In his letter, Danos lists other reasons why the bill is bad for the current rental market. "The main reason for the outbreak of social protest in 2011 was the booming rental market. Our young children, those who could not dream of buying an apartment at 2011 prices either, saw how rents constantly rose, thereby closing their life horizon in Israel.

"Their rising frustration and despair drove them into the streets. Rents have risen since then, and we are also in a renters' market now. In this situation, any regulatory change plays into the hands of the property owners by providing them with ammunition for another rise… Owners of three or more housing units will not be the only ones to raise rents on the properties they own; everyone will try it. That is how a perfect market works, and there is no reason for it to be different this time. The most vulnerable group in Israel - the renters - will suffer again. At the same time, if the purpose of the law is achieved, the result will be that tens of thousands of housing units will be put up for sale, and the supply of rental housing will drop by at least 10%. As long as the state does not offer those renters an alternative solution, it is obvious that those not affected by the law (owners of two housing units who put one of them up for rent) will increase the rent as a result of growing demand."

Later in his letter, Danos also argues that the proposal could have a negative effect on outlying areas, adding that the Real Estate Appraisers Association in Israel position is that the bill does not address the housing crisis at all: "While the property owners in high-demand areas will roll the higher tax onto the renters, in the outlying regions, where the demand for housing is lower, there is a risk that approval of the bill will flood the market with properties, thereby detracting from the value of the residents' properties.

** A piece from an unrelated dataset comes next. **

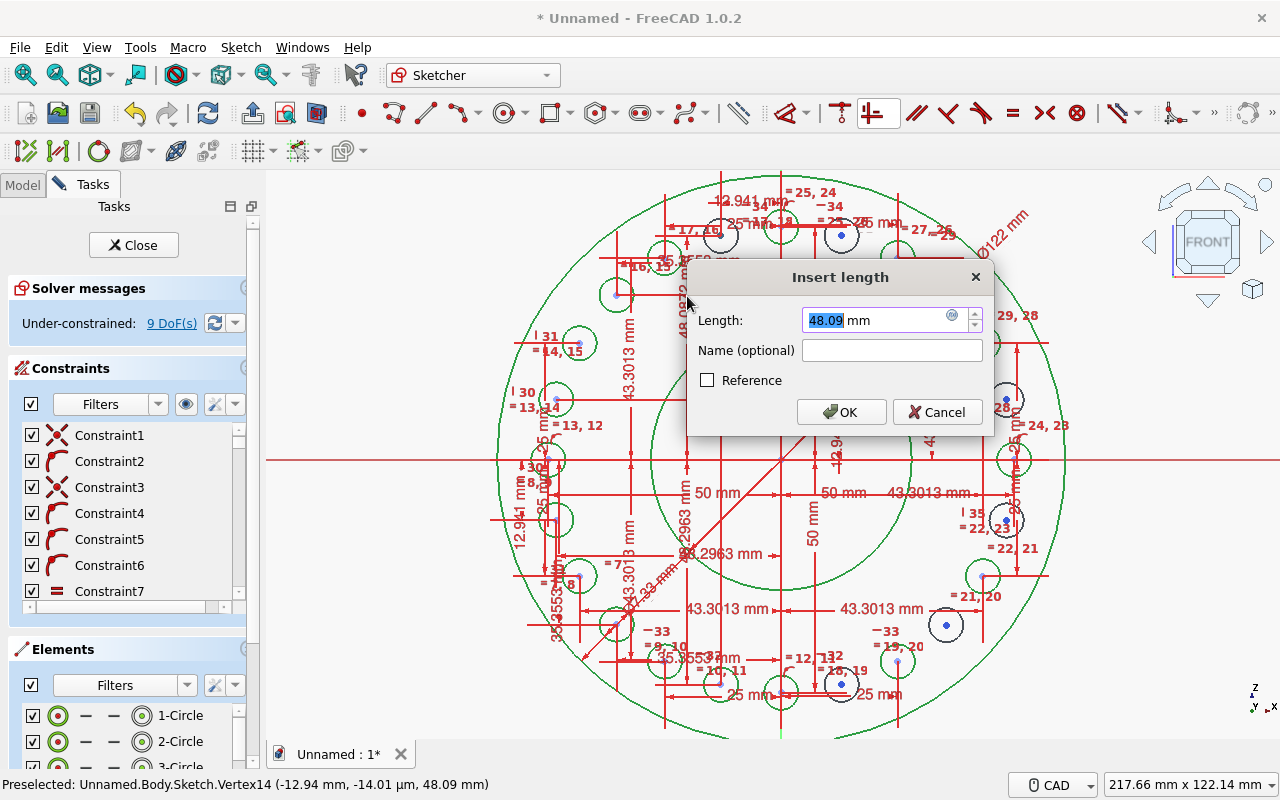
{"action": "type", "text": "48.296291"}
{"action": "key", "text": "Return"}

"The bill will therefore have the opposite result from the declared one; it will widen the gaps between the outlying areas and the central region… The proposed bill does not address the housing crisis, either directly or indirectly, for the simple reason that if it passes, not a single housing unit will be added to the Israeli real estate market. The only thing likely to occur in theory is that a renter will give way to a new owner, who will certainly be economically better off than he is."

Danos concludes his letter as follows: "In your explanation of the bill, you wrote… 'This tax will contribute to a more correct income distribution in the economy, and reduce inequality, and will also constitute an incentive for property owners to sell their property, which will increase the supply of housing units in the secondary housing market and reduce prices.' This sentence contains all the paradoxes and misunderstandings of the measure… In view of the above, I call on you to reconsider your position, and to remove the proposal from the budget bill."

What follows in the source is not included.